Though consensus had not been achieved on the exact roles of proline, it was agreed that the proline accumulation is a common physiological response to various metal ions (Verbruggen and Hermans 2008). A similar result was observed in the present study in relation to proline content under single Cd stress (Fig. 4). The coordinate regulation of proline biosynthesis is achieved via two different pathways from either glutamate or orinithine/ariginine and proline degradation (Szabados and Savouré 2010). The rate-limiting step in glutamate pathway is P5CS enzyme activity, while in the ornithine pathway is OAT activity (Kishor et al. 2005). Meanwhile, PDH activity participates in the proline catabolism (Kishor et al. 2005). The present data in L. minor suggest that Cd induced effect on proline accumulation may be explained partially by the glutamate pathway involved in the elevation of P5CS activity (except for 4 μM Cd treatment) and the ornithine pathway involved in the sole stimulation of OAT activity under 4 μM Cd. A decline seen in PDH activity also participated in suppression of proline catabolism (Fig. 5). Nonetheless, Zn supplementation performed a suppressive effect on proline accumulation in L. minor exposed to Cd, by modulating P5CS and OAT activities and inhibiting the reduction in PDH activity. Consequently, application of Zn contributed to the proline level intrinsic balance, indicating that it is closely implicated in the protection of L. minor from Cd stress. In plants, proline accumulation was also closely linked with polyamines catabolism in plants exposed to abiotic stresses (Aziz et al. 1998; Bouchereau et al. 1999), owing to the reason that proline and Put share a common substrate, glutamate (Seki et al. 2007; Sharma and Dietz 2006; Simon-Sarkadi et al. 2006). In the present study, synchronous changes of proline and Put were observed in single Cd stress and Zn added groups, which were in good agreement with the viewpoint. Simultaneously, this effect supported this standpoint that proline and polyamines metabolism might exert mutual regulatory mechanism (Aziz et al. 1998).

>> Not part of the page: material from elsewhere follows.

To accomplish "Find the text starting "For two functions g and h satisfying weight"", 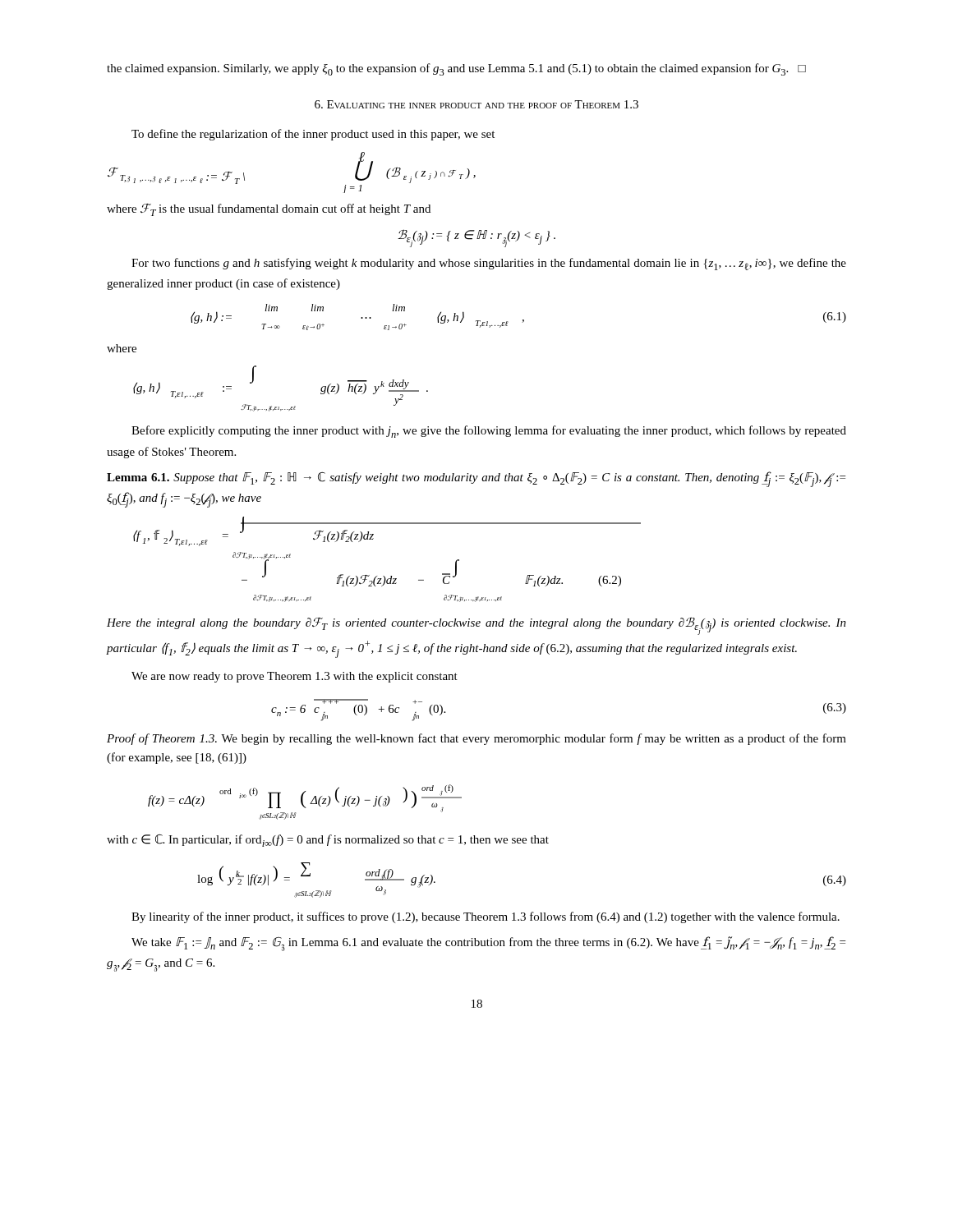I will [x=476, y=273].
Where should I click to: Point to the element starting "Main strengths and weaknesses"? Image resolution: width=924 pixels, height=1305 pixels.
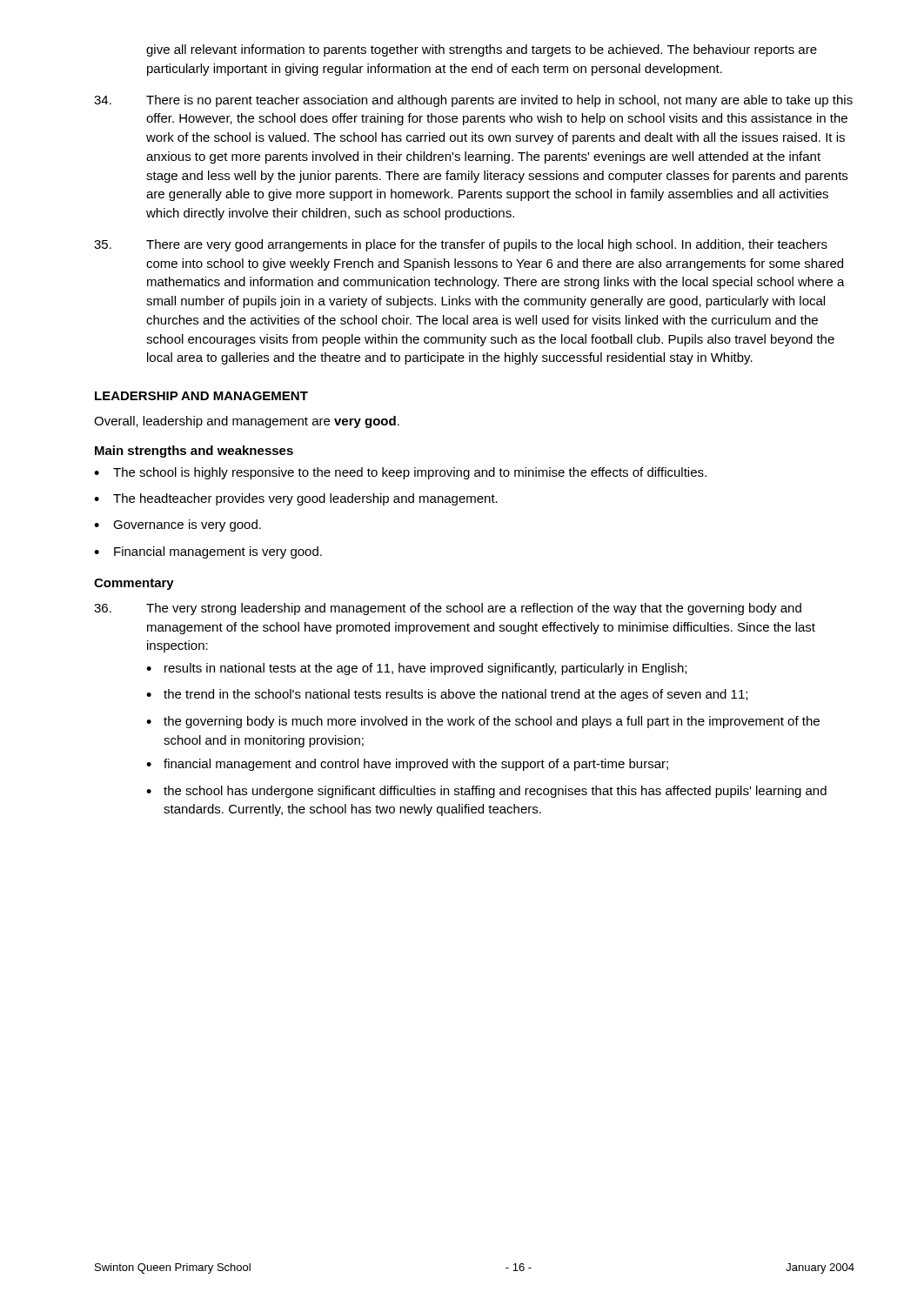194,450

In conclusion, Cd altered the dry weight, polyamines and proline contents as well as metabolic enzymes, inducing metabolic disturbances in L. minor. Application of Zn alleviated Put and proline accumulation, increased the dry weight and Spd contents and the (Spd + Spm)/Put ratio, which indicated that Zn were involved in the adaptation of L. minor to Cd-induced stress.